=== GOAL OF THE EXERCISE ===
In the listing below, pick out lines with "energetic".

=== AVAILABLE RECORDS ===
- Opening Delimiter -
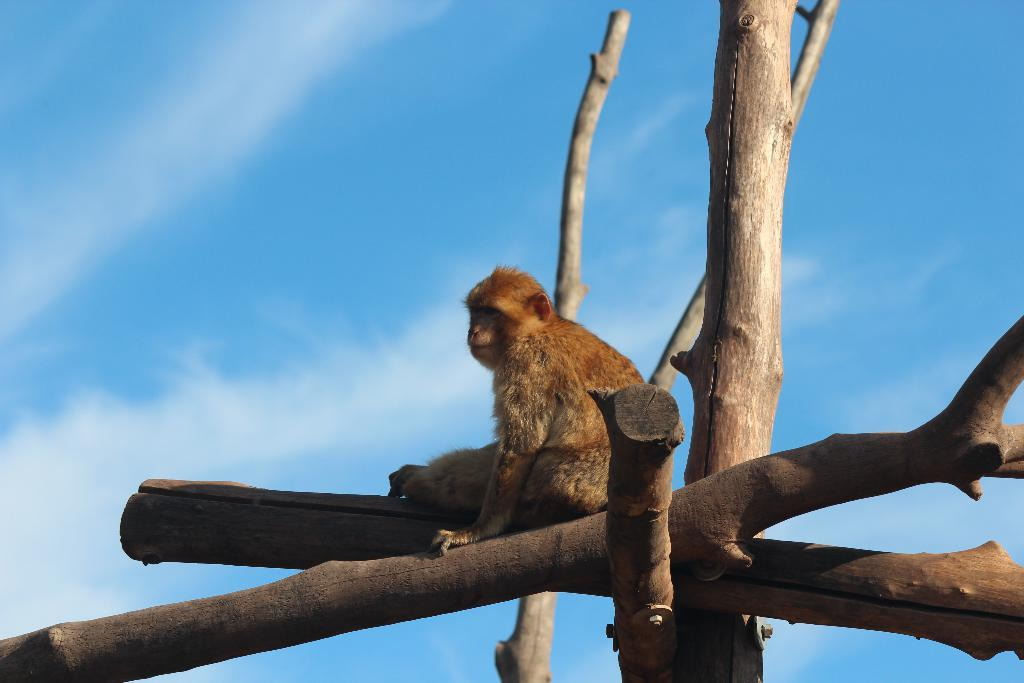What is the main subject in the center of the image? There is a wooden object in the center of the image. What is on top of the wooden object? There is a monkey on the wooden object. What can be seen in the background of the image? The sky is visible in the background of the image, and clouds are present. How many horses are pulling the wooden object in the image? There are no horses present in the image; the wooden object has a monkey on it. What type of yoke is used to connect the horses to the wooden object in the image? There are no horses or yoke present in the image; it features a wooden object with a monkey on it. 
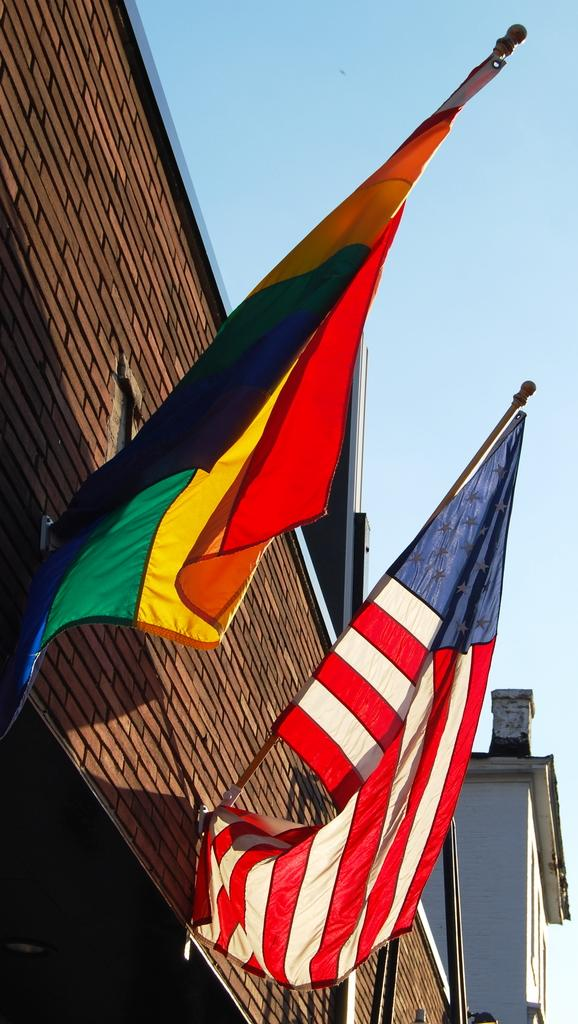What is the main structure visible in the image? There is a wall of a building in the image. What are the poles attached to the wall used for? The poles attached to the wall are used to hold flags. What can be seen on the poles? There are flags on the poles. What is visible at the top of the image? The sky is visible at the top of the image. How do the friends balance on the wheel in the image? There is no wheel or friends present in the image; it features a wall of a building with poles and flags. 
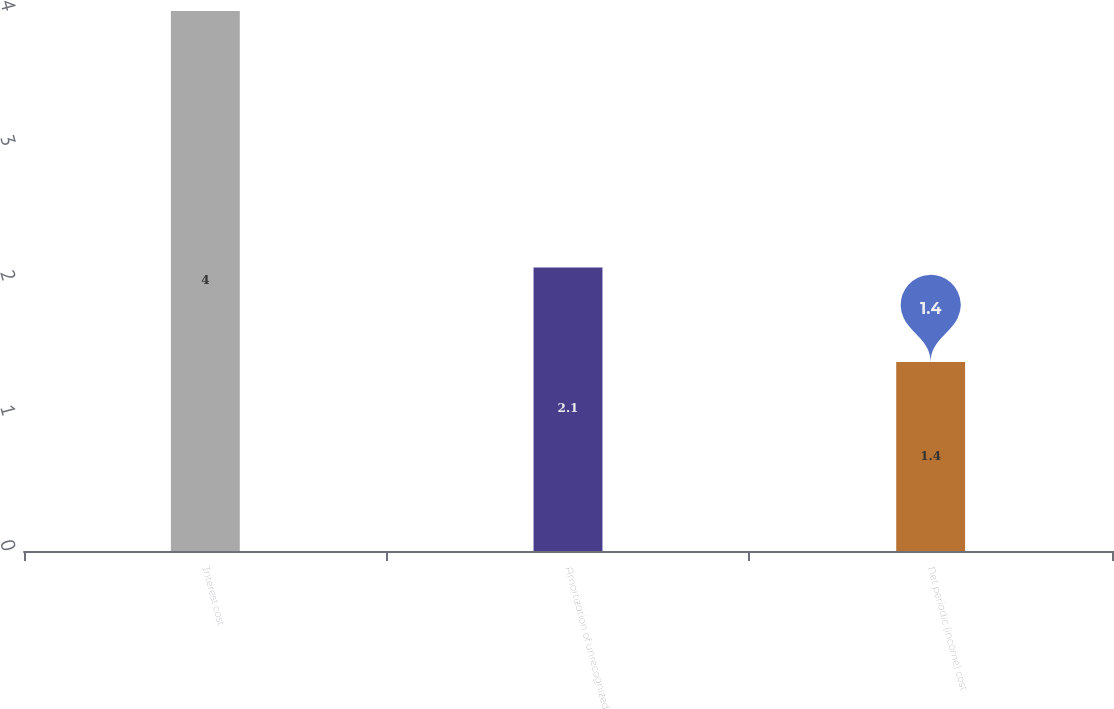Convert chart to OTSL. <chart><loc_0><loc_0><loc_500><loc_500><bar_chart><fcel>Interest cost<fcel>Amortization of unrecognized<fcel>Net periodic (income) cost<nl><fcel>4<fcel>2.1<fcel>1.4<nl></chart> 
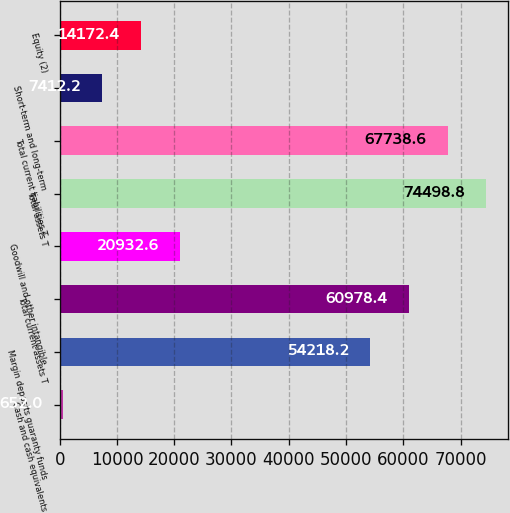Convert chart. <chart><loc_0><loc_0><loc_500><loc_500><bar_chart><fcel>Cash and cash equivalents<fcel>Margin deposits guaranty funds<fcel>Total current assets T<fcel>Goodwill and other intangible<fcel>Total assets T<fcel>Total current liabilities T<fcel>Short-term and long-term<fcel>Equity (2)<nl><fcel>652<fcel>54218.2<fcel>60978.4<fcel>20932.6<fcel>74498.8<fcel>67738.6<fcel>7412.2<fcel>14172.4<nl></chart> 
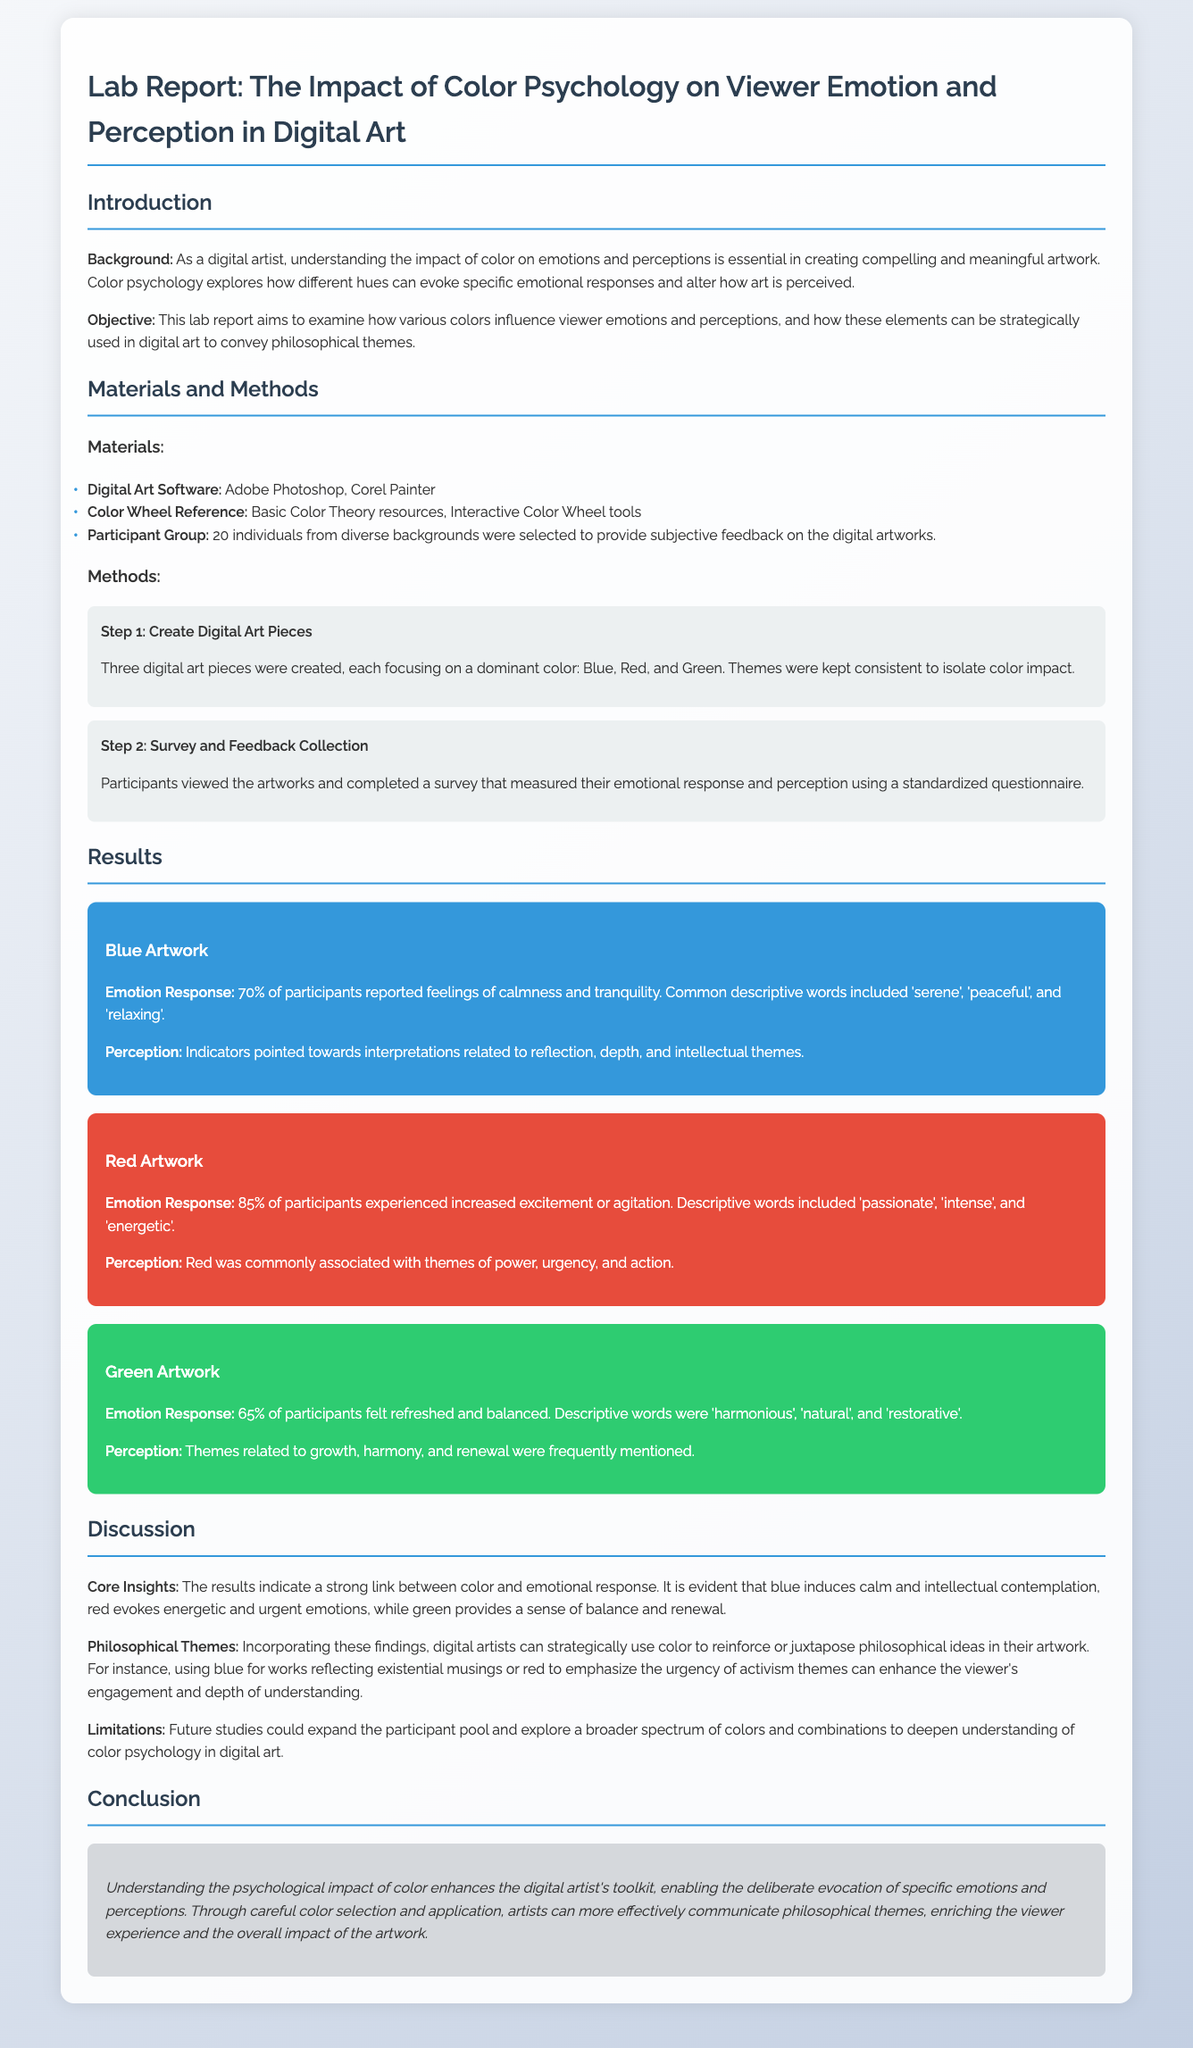What was the background of the report? The background explains the importance of understanding color impact on emotions and perceptions in creating digital artwork.
Answer: Understanding the impact of color on emotions and perceptions What percentage of participants felt calmness in response to blue? The document states that 70% of participants reported feelings of calmness and tranquility.
Answer: 70% What colors were used in the digital art pieces? The report specifies three dominant colors used in the artworks: Blue, Red, and Green.
Answer: Blue, Red, Green What descriptive words were associated with red artwork? The document lists descriptive words including 'passionate', 'intense', and 'energetic'.
Answer: passionate, intense, energetic What is one limitation mentioned in the report? The report suggests that future studies could expand the participant pool.
Answer: Expand the participant pool What was the objective of the lab report? The document's objective was to examine how various colors influence viewer emotions and perceptions.
Answer: Examine how various colors influence viewer emotions and perceptions What kind of participants were selected for the study? The document states that 20 individuals from diverse backgrounds were selected to provide feedback.
Answer: 20 individuals from diverse backgrounds How did green artwork affect participants emotionally? The report mentions that 65% of participants felt refreshed and balanced from the green artwork.
Answer: 65% of participants felt refreshed and balanced 
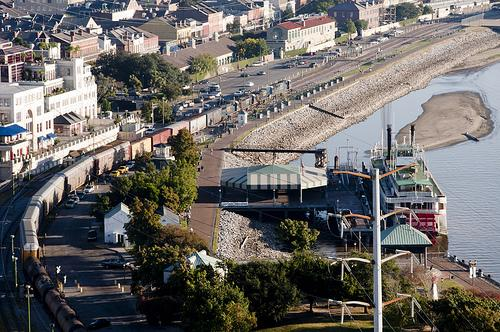Mention the main aspects of the natural environment and man-made structures in the image. There is a large body of calm blue water, lush trees, and dirt island in the natural environment, and buildings with red roofs, train tracks, and tall electricity poles as man-made structures. Point out two objects in the image that depict motion or activity. The train moving on the tracks with many compartments, and the person walking on the sidewalk. Describe the color schemes of three objects or locations in the image. The building is white with a red roof, the large body of water is calm and blue, and the trees have rich green leaves. Mention two objects and their locations that could be part of a transportation theme. A train with many compartments is on the track near the white building, and cars are parked on the street near the same building. Identify the place where a person is walking and mention the locations of two parked vehicles. A person is walking on the sidewalk, while two yellow taxis are parked on the street and some cars are parked in the empty parking lot. Explain the time and setting of the photo based on visual information. The photo was taken outdoors during daytime, with sunlight casting shadows on trees and buildings, and a bright clear sky over the city. Imagine being a travel writer and describe this location in a picturesque manner. Nestled alongside a pristine lake with calm blue waters, this charming town is a hidden gem. Tall, lush trees provide shade and cast dancing shadows on the ground, while quaint red-roofed buildings create a welcoming atmosphere.  Design an advertisement for a travel agency using visual elements from the image. "Discover the beauty of lakeside living! Experience lush green surroundings, serene waters, and charming buildings with red roofed houses. Relax and unwind with a scenic train ride through the quaint city. Book your getaway now!" List three prominent objects in the image along with their distinguishing features. A large body of clear, calm blue water; trees with lush green leaves, casting shadows; white building with many windows and red roof. Tell a short narrative involving the train, road, and the nearby building. On a sunny day, a long train with many compartments was moving along the tracks, passing by a large white building with a red roof. Nearby, cars were parked on the curved street, and people walked on the sidewalk. 
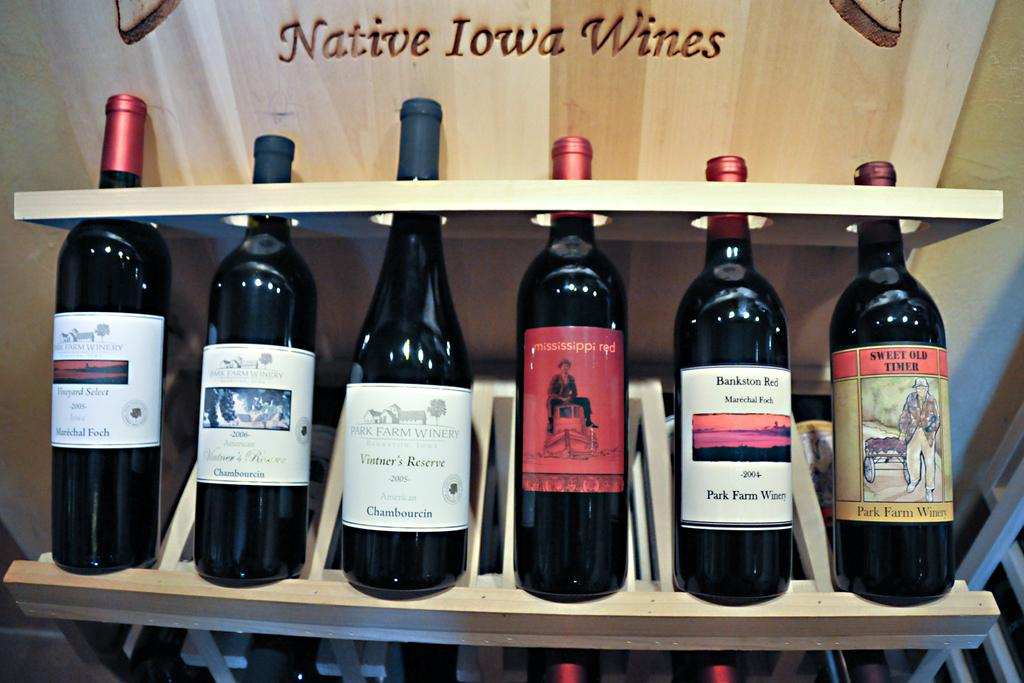<image>
Create a compact narrative representing the image presented. Six bottle of wine with the words Native Iowa wines over them. 
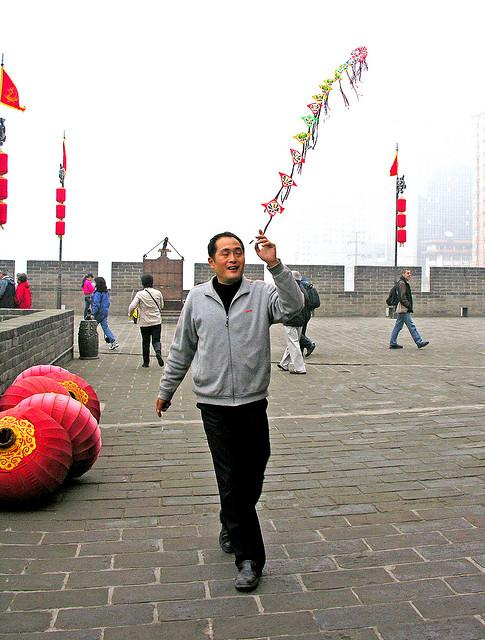The man closest to the right has what kind of pants on? jeans
- Closing Delimiter -
=== RESPONSE TO THE TASK ===
Answer: Blue, Red, Green What descriptive words were associated with red artwork? The document lists descriptive words including 'passionate', 'intense', and 'energetic'.
Answer: passionate, intense, energetic What is one limitation mentioned in the report? The report suggests that future studies could expand the participant pool.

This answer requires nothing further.